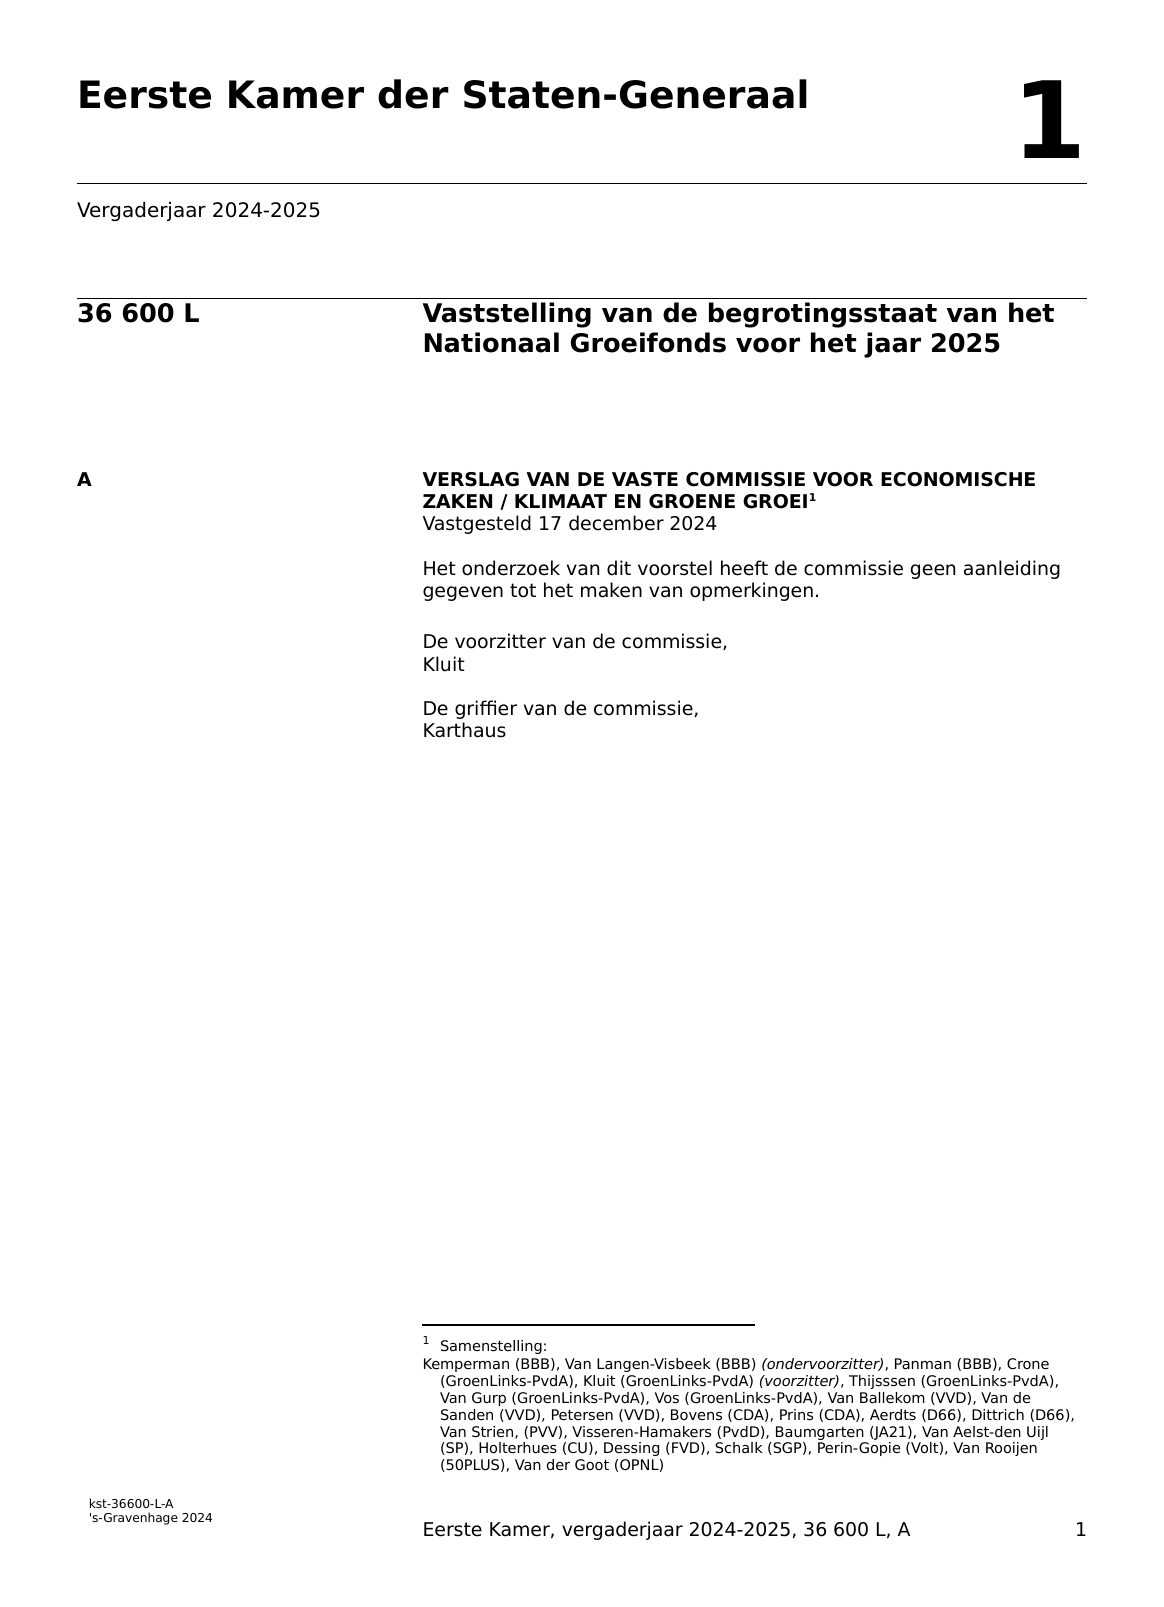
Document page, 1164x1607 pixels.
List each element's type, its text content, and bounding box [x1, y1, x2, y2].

text De griffier van de commissie, Karthaus [422, 698, 1087, 742]
text De voorzitter van de commissie, Kluit [422, 631, 1087, 675]
subtitle 36 600 L Vaststelling van de begrotingsstaat van het Nationaal Groeifonds voor het jaar 2025 [77, 299, 1087, 358]
text Vastgesteld 17 december 2024 [422, 513, 1087, 535]
text Het onderzoek van dit voorstel heeft de commissie geen aanleiding gegeven tot het maken van opmerkingen. [422, 557, 1087, 601]
text kst-36600-L-A [88, 1497, 323, 1511]
text Samenstelling: [422, 1334, 1087, 1356]
text Kemperman (BBB), Van Langen-Visbeek (BBB) (ondervoorzitter), Panman (BBB), Crone (GroenLinks-PvdA), Kluit (GroenLinks-PvdA) (voorzitter), Thijsssen (GroenLinks-PvdA), Van Gurp (GroenLinks-PvdA), Vos (GroenLinks-PvdA), Van Ballekom (VVD), Van de Sanden (VVD), Petersen (VVD), Bovens (CDA), Prins (CDA), Aerdts (D66), Dittrich (D66), Van Strien, (PVV), Visseren-Hamakers (PvdD), Baumgarten (JA21), Van Aelst-den Uijl (SP), Holterhues (CU), Dessing (FVD), Schalk (SGP), Perin-Gopie (Volt), Van Rooijen (50PLUS), Van der Goot (OPNL) [422, 1356, 1087, 1474]
table_header 1 [886, 59, 1087, 183]
subtitle A VERSLAG VAN DE VASTE COMMISSIE VOOR ECONOMISCHE ZAKEN / KLIMAAT EN GROENE GROEI [77, 469, 1087, 513]
table_header Eerste Kamer der Staten-Generaal [77, 59, 886, 183]
table_cell Vergaderjaar 2024-2025 [77, 184, 1087, 298]
text 's-Gravenhage 2024 [88, 1511, 323, 1525]
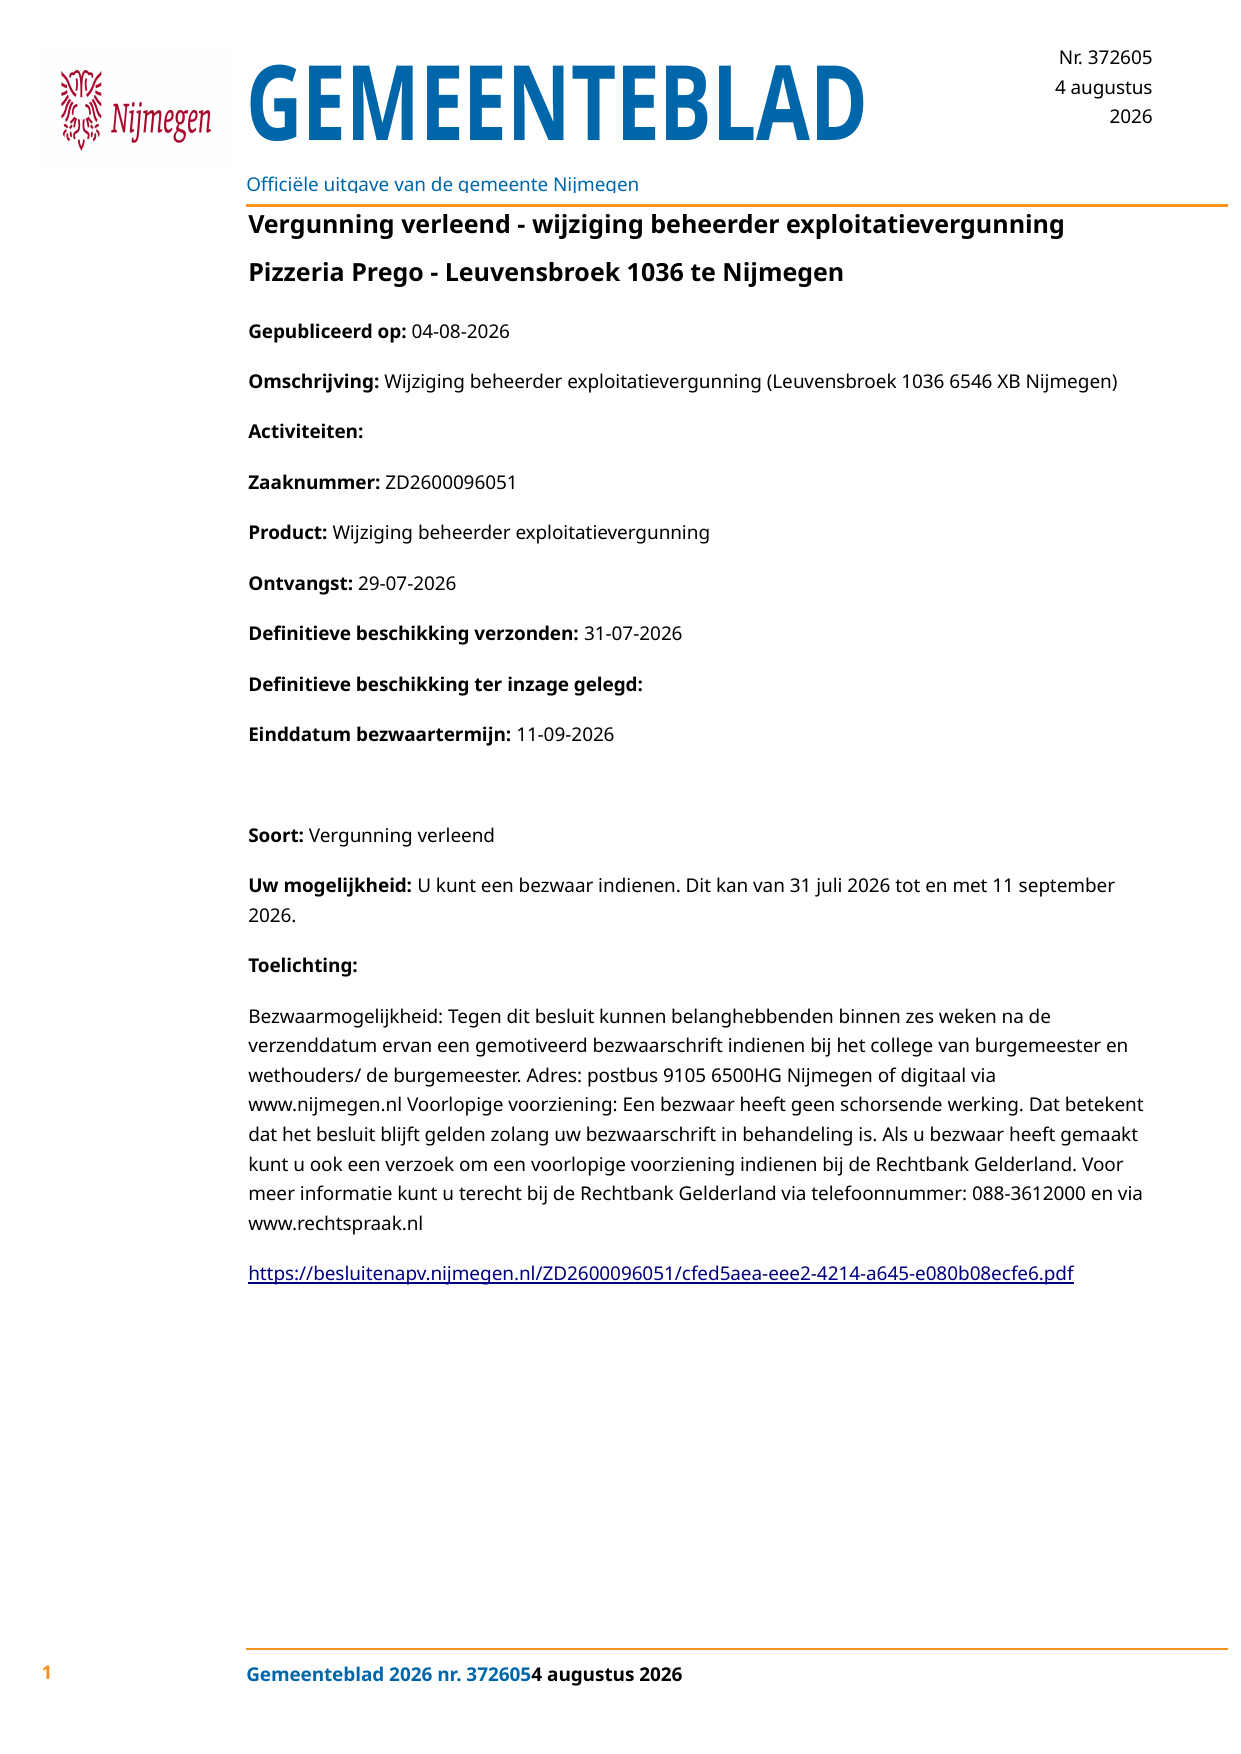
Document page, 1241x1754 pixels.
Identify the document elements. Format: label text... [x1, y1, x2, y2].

text Product: Wijziging beheerder exploitatievergunning [248, 519, 1152, 545]
text https://besluitenapv.nijmegen.nl/ZD2600096051/cfed5aea-eee2-4214-a645-e080b08ecfe6.pdf [248, 1260, 1152, 1286]
text Vergunning verleend - wijziging beheerder exploitatievergunning Pizzeria Prego - Leuvensbroek 1036 te Nijmegen [248, 207, 1152, 288]
text Bezwaarmogelijkheid: Tegen dit besluit kunnen belanghebbenden binnen zes weken na de verzenddatum ervan een gemotiveerd bezwaarschrift indienen bij het college van burgemeester en wethouders/ de burgemeester. Adres: postbus 9105 6500HG Nijmegen of digitaal via www.nijmegen.nl Voorlopige voorziening: Een bezwaar heeft geen schorsende werking. Dat betekent dat het besluit blijft gelden zolang uw bezwaarschrift in behandeling is. Als u bezwaar heeft gemaakt kunt u ook een verzoek om een voorlopige voorziening indienen bij de Rechtbank Gelderland. Voor meer informatie kunt u terecht bij de Rechtbank Gelderland via telefoonnummer: 088-3612000 en via www.rechtspraak.nl [248, 1003, 1152, 1236]
text Soort: Vergunning verleend [248, 822, 1152, 848]
picture [41, 47, 231, 172]
text Gepubliceerd op: 04-08-2026 [248, 318, 1152, 344]
text Uw mogelijkheid: U kunt een bezwaar indienen. Dit kan van 31 juli 2026 tot en met 11 september 2026. [248, 872, 1152, 928]
text Einddatum bezwaartermijn: 11-09-2026 [248, 721, 1152, 747]
text Definitieve beschikking verzonden: 31-07-2026 [248, 620, 1152, 646]
text Definitieve beschikking ter inzage gelegd: [248, 671, 1152, 697]
text Activiteiten: [248, 419, 1152, 444]
text Ontvangst: 29-07-2026 [248, 570, 1152, 596]
text Toelichting: [248, 952, 1152, 978]
text Zaaknummer: ZD2600096051 [248, 469, 1152, 495]
text Omschrijving: Wijziging beheerder exploitatievergunning (Leuvensbroek 1036 6546 XB Nijmegen) [248, 368, 1152, 394]

──────────────────────────────

Work request: Set down all the material exactly once more. No pictures.

Problem solution:
Document page, 1164x1607 pixels.
List each element's type, its text content, and bounding box [x1, y1, x2, y2].

text De griffier van de commissie, Karthaus [422, 698, 1087, 742]
text De voorzitter van de commissie, Kluit [422, 631, 1087, 675]
subtitle 36 600 L Vaststelling van de begrotingsstaat van het Nationaal Groeifonds voor het jaar 2025 [77, 299, 1087, 358]
text Vastgesteld 17 december 2024 [422, 513, 1087, 535]
text Het onderzoek van dit voorstel heeft de commissie geen aanleiding gegeven tot het maken van opmerkingen. [422, 557, 1087, 601]
text kst-36600-L-A [88, 1497, 323, 1511]
text Samenstelling: [422, 1334, 1087, 1356]
text Kemperman (BBB), Van Langen-Visbeek (BBB) (ondervoorzitter), Panman (BBB), Crone (GroenLinks-PvdA), Kluit (GroenLinks-PvdA) (voorzitter), Thijsssen (GroenLinks-PvdA), Van Gurp (GroenLinks-PvdA), Vos (GroenLinks-PvdA), Van Ballekom (VVD), Van de Sanden (VVD), Petersen (VVD), Bovens (CDA), Prins (CDA), Aerdts (D66), Dittrich (D66), Van Strien, (PVV), Visseren-Hamakers (PvdD), Baumgarten (JA21), Van Aelst-den Uijl (SP), Holterhues (CU), Dessing (FVD), Schalk (SGP), Perin-Gopie (Volt), Van Rooijen (50PLUS), Van der Goot (OPNL) [422, 1356, 1087, 1474]
table_header 1 [886, 59, 1087, 183]
subtitle A VERSLAG VAN DE VASTE COMMISSIE VOOR ECONOMISCHE ZAKEN / KLIMAAT EN GROENE GROEI [77, 469, 1087, 513]
table_header Eerste Kamer der Staten-Generaal [77, 59, 886, 183]
table_cell Vergaderjaar 2024-2025 [77, 184, 1087, 298]
text 's-Gravenhage 2024 [88, 1511, 323, 1525]
Document page, 1241x1754 pixels.
Identify the document elements. Format: label text... [x1, y1, x2, y2].

text Product: Wijziging beheerder exploitatievergunning [248, 519, 1152, 545]
text https://besluitenapv.nijmegen.nl/ZD2600096051/cfed5aea-eee2-4214-a645-e080b08ecfe6.pdf [248, 1260, 1152, 1286]
text Vergunning verleend - wijziging beheerder exploitatievergunning Pizzeria Prego - Leuvensbroek 1036 te Nijmegen [248, 207, 1152, 288]
text Bezwaarmogelijkheid: Tegen dit besluit kunnen belanghebbenden binnen zes weken na de verzenddatum ervan een gemotiveerd bezwaarschrift indienen bij het college van burgemeester en wethouders/ de burgemeester. Adres: postbus 9105 6500HG Nijmegen of digitaal via www.nijmegen.nl Voorlopige voorziening: Een bezwaar heeft geen schorsende werking. Dat betekent dat het besluit blijft gelden zolang uw bezwaarschrift in behandeling is. Als u bezwaar heeft gemaakt kunt u ook een verzoek om een voorlopige voorziening indienen bij de Rechtbank Gelderland. Voor meer informatie kunt u terecht bij de Rechtbank Gelderland via telefoonnummer: 088-3612000 en via www.rechtspraak.nl [248, 1003, 1152, 1236]
text Soort: Vergunning verleend [248, 822, 1152, 848]
picture [41, 47, 231, 172]
text Gepubliceerd op: 04-08-2026 [248, 318, 1152, 344]
text Uw mogelijkheid: U kunt een bezwaar indienen. Dit kan van 31 juli 2026 tot en met 11 september 2026. [248, 872, 1152, 928]
text Einddatum bezwaartermijn: 11-09-2026 [248, 721, 1152, 747]
text Definitieve beschikking verzonden: 31-07-2026 [248, 620, 1152, 646]
text Definitieve beschikking ter inzage gelegd: [248, 671, 1152, 697]
text Activiteiten: [248, 419, 1152, 444]
text Ontvangst: 29-07-2026 [248, 570, 1152, 596]
text Toelichting: [248, 952, 1152, 978]
text Zaaknummer: ZD2600096051 [248, 469, 1152, 495]
text Omschrijving: Wijziging beheerder exploitatievergunning (Leuvensbroek 1036 6546 XB Nijmegen) [248, 368, 1152, 394]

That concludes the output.